Records excerpted from a collection
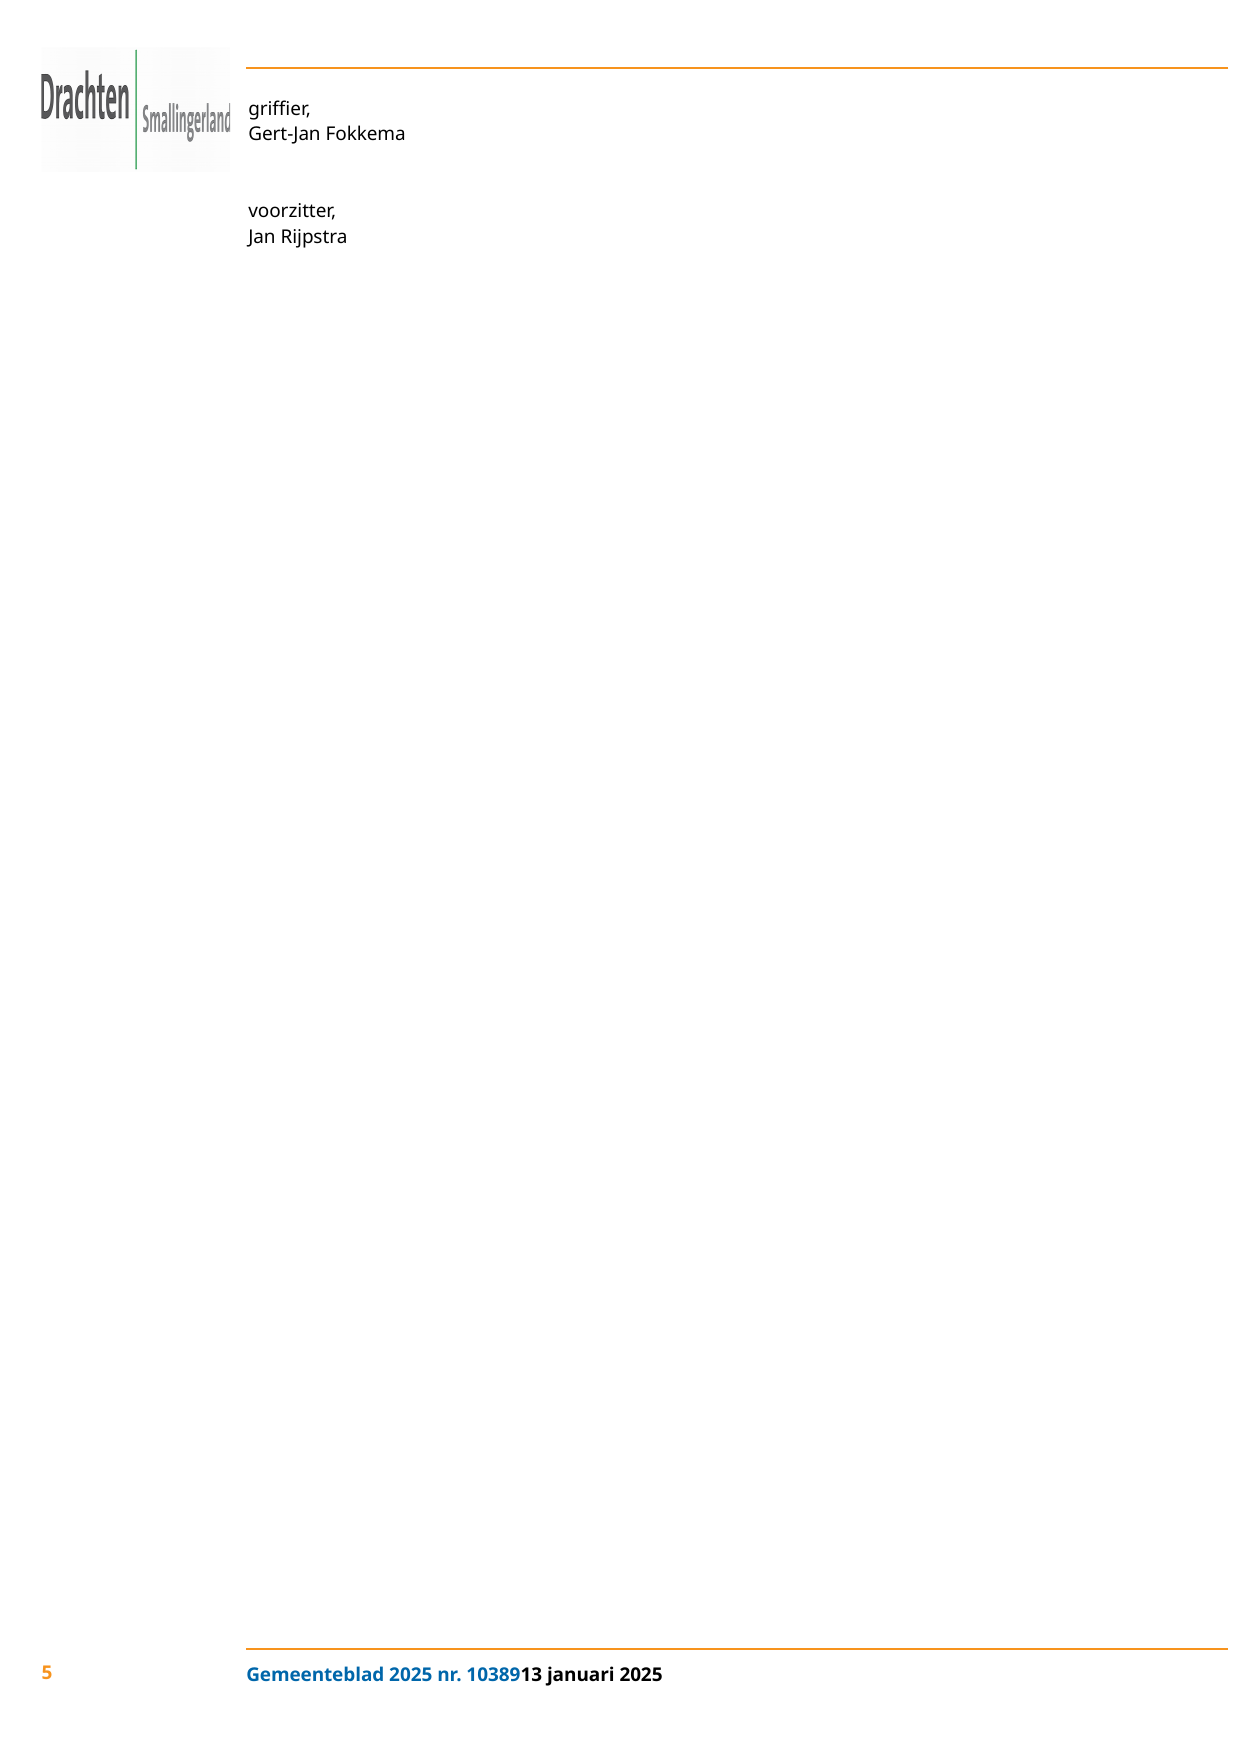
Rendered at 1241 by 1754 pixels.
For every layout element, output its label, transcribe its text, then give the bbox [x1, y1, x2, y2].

text voorzitter, [248, 198, 1152, 223]
text griffier, [248, 95, 1152, 121]
picture [41, 47, 231, 172]
text Jan Rijpstra [248, 223, 1152, 249]
text Gert-Jan Fokkema [248, 121, 1152, 146]

▸ **PROBLEM TO WORK ON**:
Could every entry above be printed again exactly, images excluded?

▸ **EXERCISE SOLUTION**:
Rendered at 1241 by 1754 pixels.
For every layout element, output its label, transcribe its text, then give the bbox [x1, y1, x2, y2].

text voorzitter, [248, 198, 1152, 223]
text griffier, [248, 95, 1152, 121]
picture [41, 47, 231, 172]
text Jan Rijpstra [248, 223, 1152, 249]
text Gert-Jan Fokkema [248, 121, 1152, 146]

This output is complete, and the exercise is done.